Sunday, April 08, 2007


Our Current Reading:


The War of the World:
Descent of the West



by Niall Ferguson

Paperback: 816 pages
Publisher: Penguin Books Ltd
(March 29, 2007)

We know Ferguson is a British conservative and supporter of 'staying the course' in Iraq. But he's also an important historian and influential public intellectual. This book will give us the occasion for examining the last century in a fresh way. Here's a brief Amazon review. A long one is posted as the first comment.

Reviewer John Matcock: A most interesting view of the 20th century. Certainly the two World Wars were the climatic moments, but he also points out that more people have been killed in the smaller wars that we don't normally think about.

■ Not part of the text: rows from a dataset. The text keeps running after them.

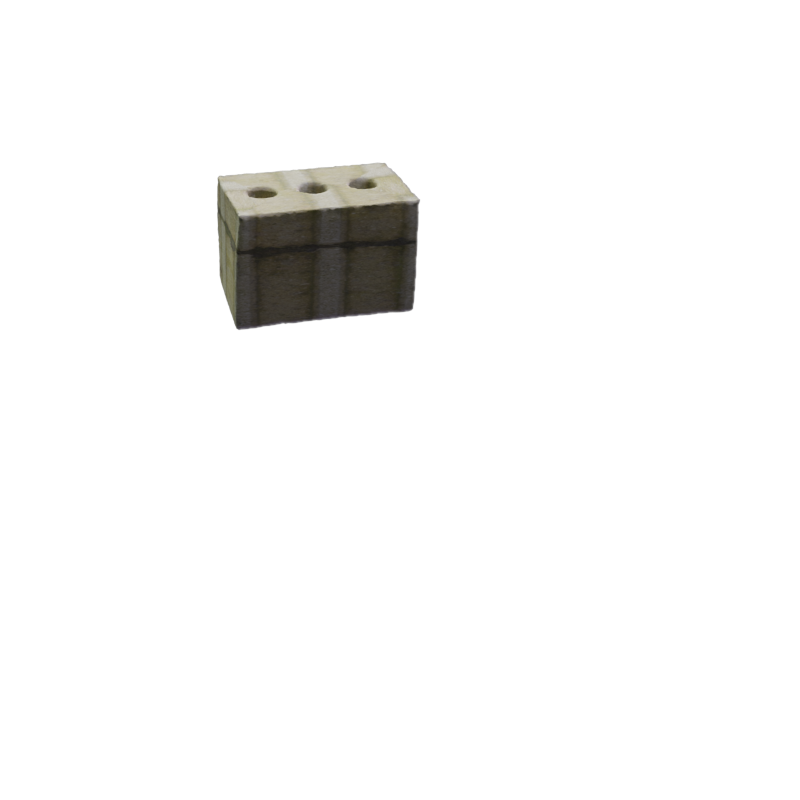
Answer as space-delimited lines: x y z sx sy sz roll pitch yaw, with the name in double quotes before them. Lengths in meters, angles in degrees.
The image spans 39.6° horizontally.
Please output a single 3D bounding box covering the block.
"block" -0.037 -0.068 0.475 0.077 0.048 0.056 -7 29 -14
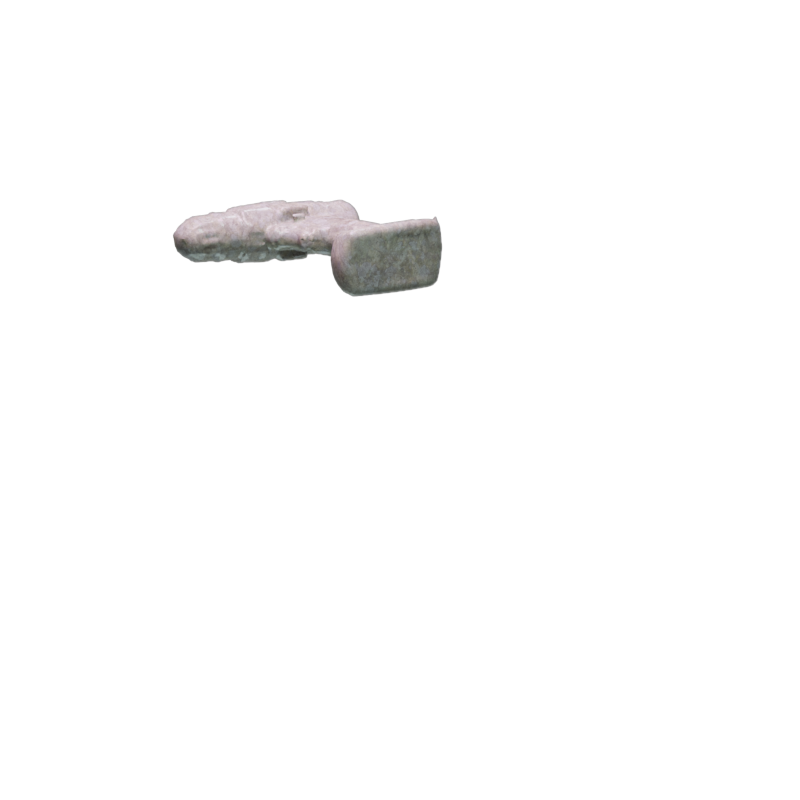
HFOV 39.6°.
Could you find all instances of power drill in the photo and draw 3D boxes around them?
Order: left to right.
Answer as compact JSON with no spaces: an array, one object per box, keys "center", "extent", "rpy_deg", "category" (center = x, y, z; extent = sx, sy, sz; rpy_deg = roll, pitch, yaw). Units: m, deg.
[{"center":[-0.073,-0.133,0.928],"extent":[0.180,0.055,0.199],"rpy_deg":[-14,24,-35],"category":"power drill"}]
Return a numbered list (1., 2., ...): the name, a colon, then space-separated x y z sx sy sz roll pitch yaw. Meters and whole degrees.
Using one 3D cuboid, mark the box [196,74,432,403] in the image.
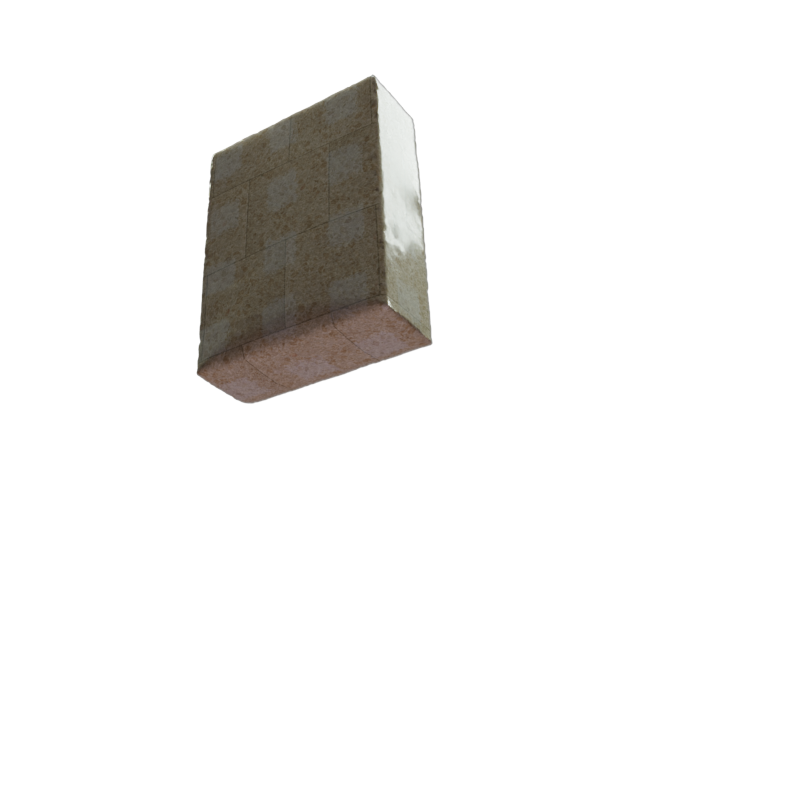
1. box: -0.066 -0.120 0.843 0.165 0.229 0.066 -20 -38 26
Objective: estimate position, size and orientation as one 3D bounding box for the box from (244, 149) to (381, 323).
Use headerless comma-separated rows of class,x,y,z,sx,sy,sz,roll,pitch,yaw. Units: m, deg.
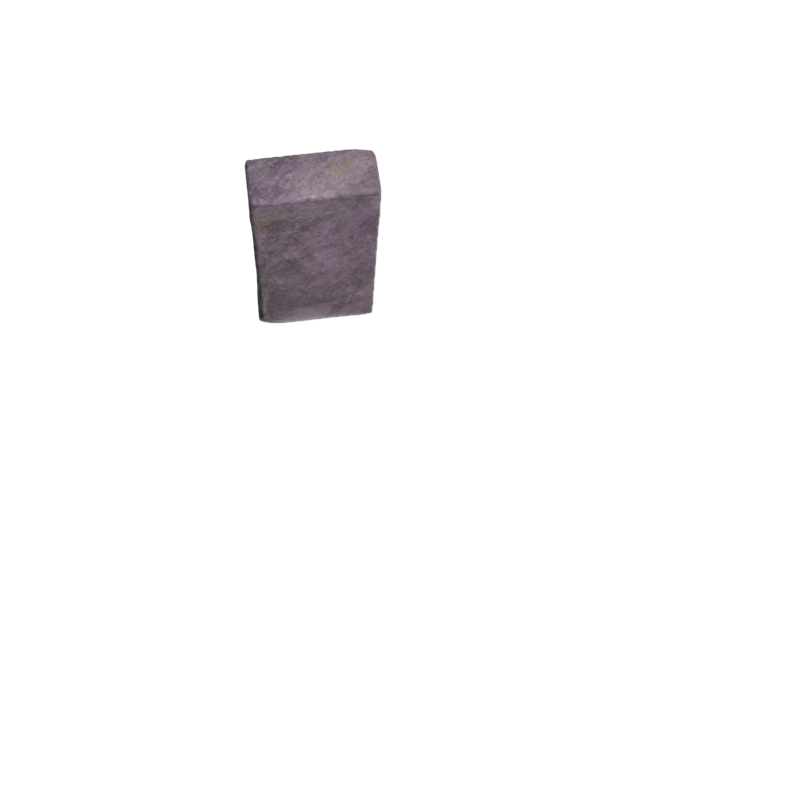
box,-0.065,-0.119,0.830,0.093,0.051,0.166,-5,-28,-6
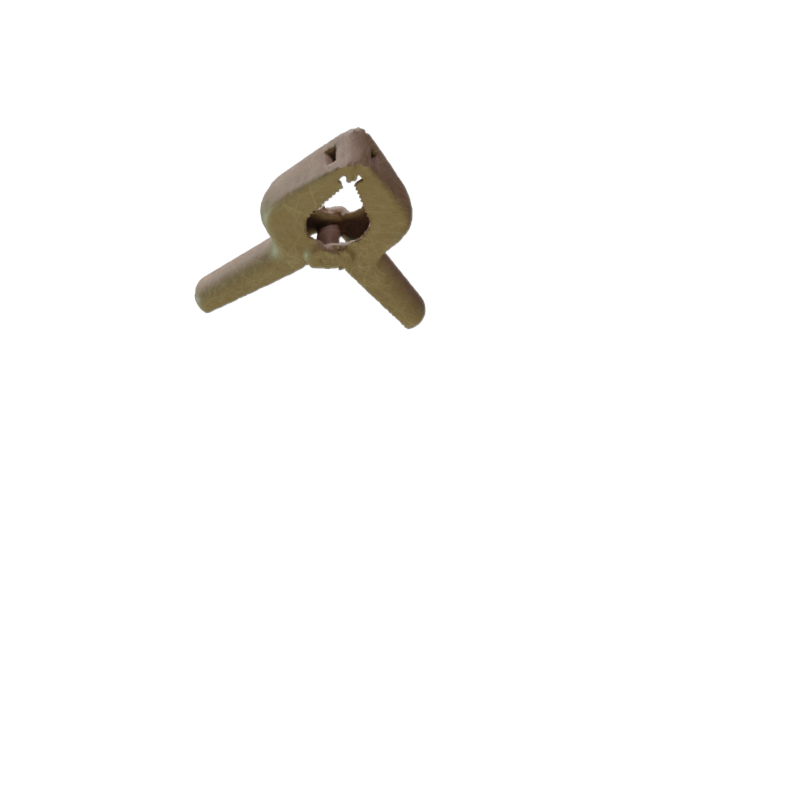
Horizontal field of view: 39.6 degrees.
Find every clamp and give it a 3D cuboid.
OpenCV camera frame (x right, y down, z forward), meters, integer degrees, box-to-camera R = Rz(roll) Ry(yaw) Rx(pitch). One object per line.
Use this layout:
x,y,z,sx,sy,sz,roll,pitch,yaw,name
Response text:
-0.056,-0.103,0.720,0.164,0.039,0.198,1,-25,-3,clamp
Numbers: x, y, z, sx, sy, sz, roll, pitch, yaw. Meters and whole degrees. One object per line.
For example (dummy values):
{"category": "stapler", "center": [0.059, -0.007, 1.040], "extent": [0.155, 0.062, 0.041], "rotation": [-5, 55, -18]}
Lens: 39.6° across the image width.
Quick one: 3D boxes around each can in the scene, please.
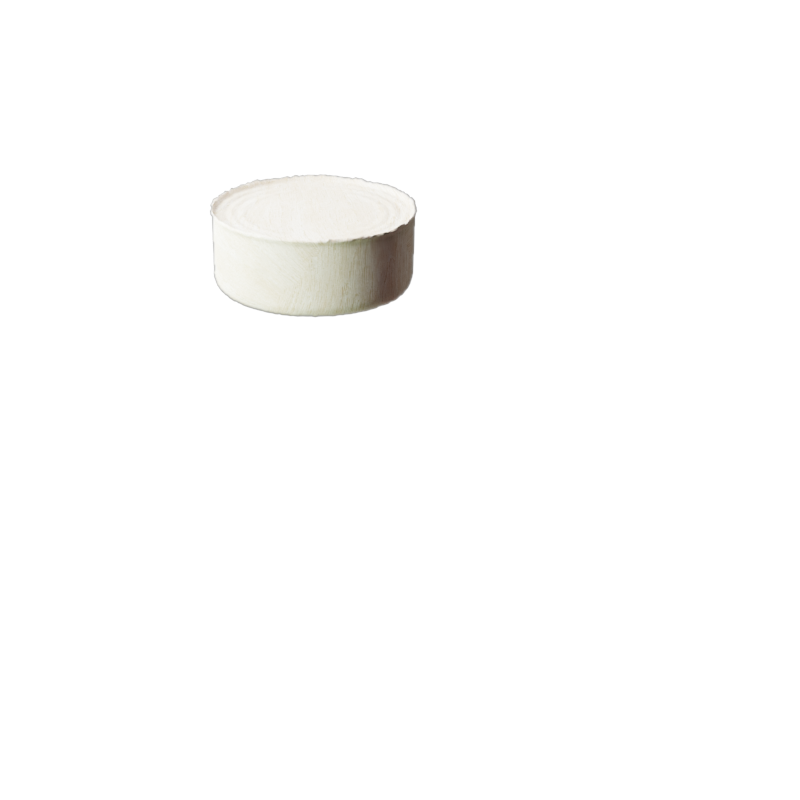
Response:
{"category": "can", "center": [-0.036, -0.066, 0.465], "extent": [0.086, 0.032, 0.091], "rotation": [-1, 27, -2]}
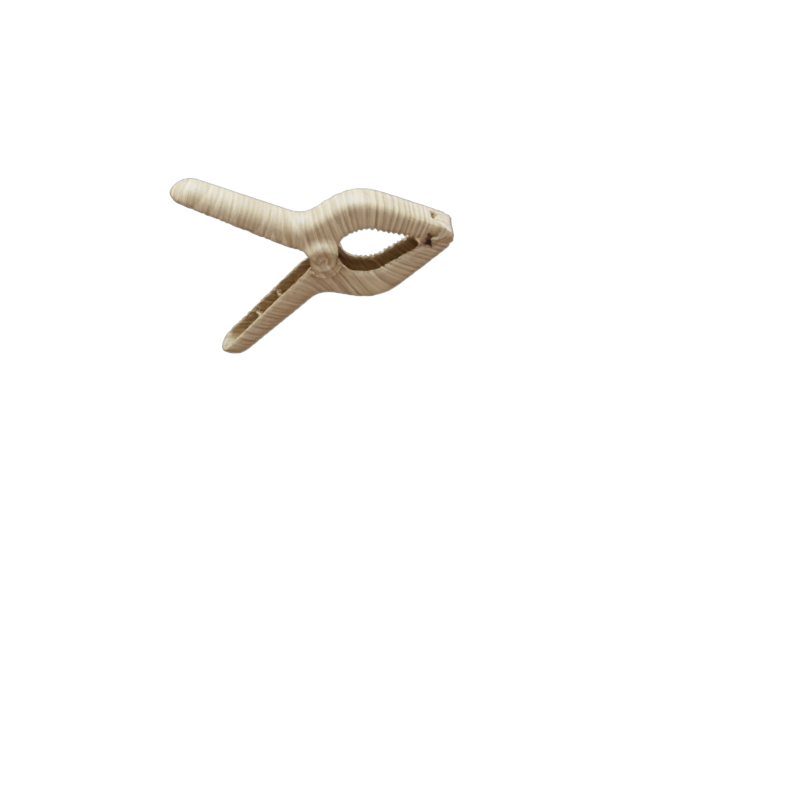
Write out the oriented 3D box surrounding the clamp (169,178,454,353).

Perhaps 55 million were killed in World War II. Perhaps a hundred million more in the Russian collectivizing of farms, the Chinese Cultural Revolution, and one genocide after another in places of which we had never heard. In this book Dr. Ferguson takes a different view of history than normal. Here is not the sweep of Rommel towards Dunkirk, but here is the relentless killing. Killing of all kinds of 'undesirable' people. It's a view of history well worth keeping in mind as we approach the next century with no hint of violence slowing down, and the incidence of Shiite/Sunni strife that we see developing in Iraq.

In the sub-title of the book, 'the Descent of the West,' he is less clear. He laments the passing of the big European empires that controlled much of the world. I'm not so sure that the people of India would lament their getting out of the British Empire. Perhaps they helped to hold the peace, but they also started World War I, and the Romans also held the peace at places like Masada.